Shanghai Center for Plant Stress Biology and Center for Excellence in Molecular Plant Sciences, Chinese Academy of Sciences, 200032, Shanghai, China.
University of Chinese Academy of Sciences, 100049, Beijing, China.
Nat Commun. 2018 May 17;9(1):1967. doi: 10.1038/s41467-018-04416-0.

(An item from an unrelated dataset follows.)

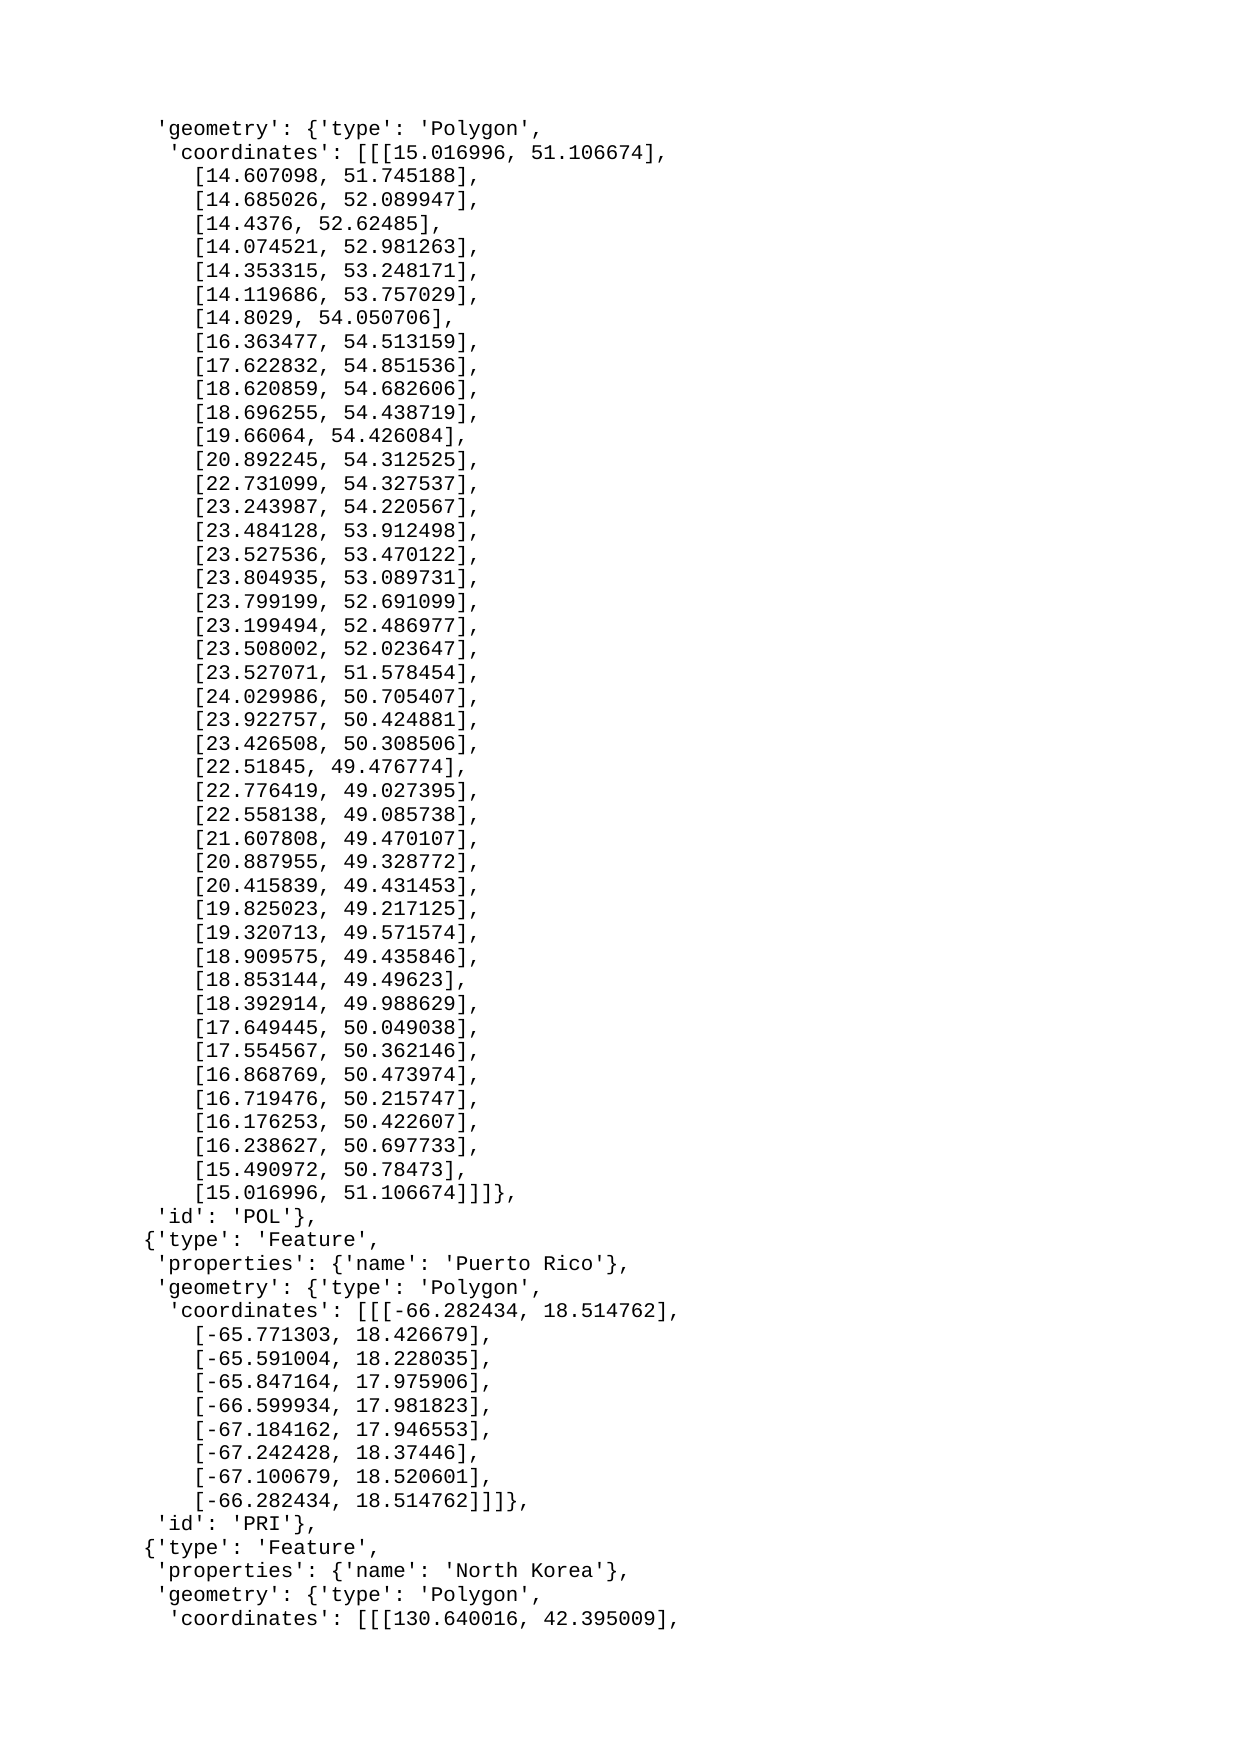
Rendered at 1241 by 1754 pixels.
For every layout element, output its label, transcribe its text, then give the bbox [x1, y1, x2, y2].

Homologous recombination-based gene targeting is a powerful tool for precise genome modification and has been widely used in organisms ranging from yeast to higher organisms such as Drosophila and mouse. However, gene targeting in higher plants, including the most widely used model plant Arabidopsis thaliana, remains challenging. Here we report a sequential transformation method for gene targeting in Arabidopsis. We find that parental lines expressing the bacterial endonuclease Cas9 from the egg cell- and early embryo-specific DD45 gene promoter can improve the frequency of single-guide RNA-targeted gene knock-ins and sequence replacements via homologous recombination at several endogenous sites in the Arabidopsis genome. These heritable gene targeting can be identified by regular PCR. Our approach enables routine and fine manipulation of the Arabidopsis genome.
基于同源重组的基因靶向是一种精确基因组修饰的强大工具,已广泛应用于从酵母到果蝇和小鼠等高等生物的研究中。然而,包括最广泛使用的模式植物拟南芥在内的高等植物的基因靶向仍然具有挑战性。在这里,我们报道了一种在拟南芥中进行基因靶向的序贯转化方法。我们发现,在 DD45 基因启动子的卵母细胞和早期胚胎特异性表达的细菌内切酶 Cas9 的亲本系中,可以提高几个内源位点的单引导 RNA 靶向基因敲入和序列替换的同源重组频率。这些可遗传的基因靶向可以通过常规 PCR 进行鉴定。我们的方法可以实现对拟南芥基因组的常规和精细操作。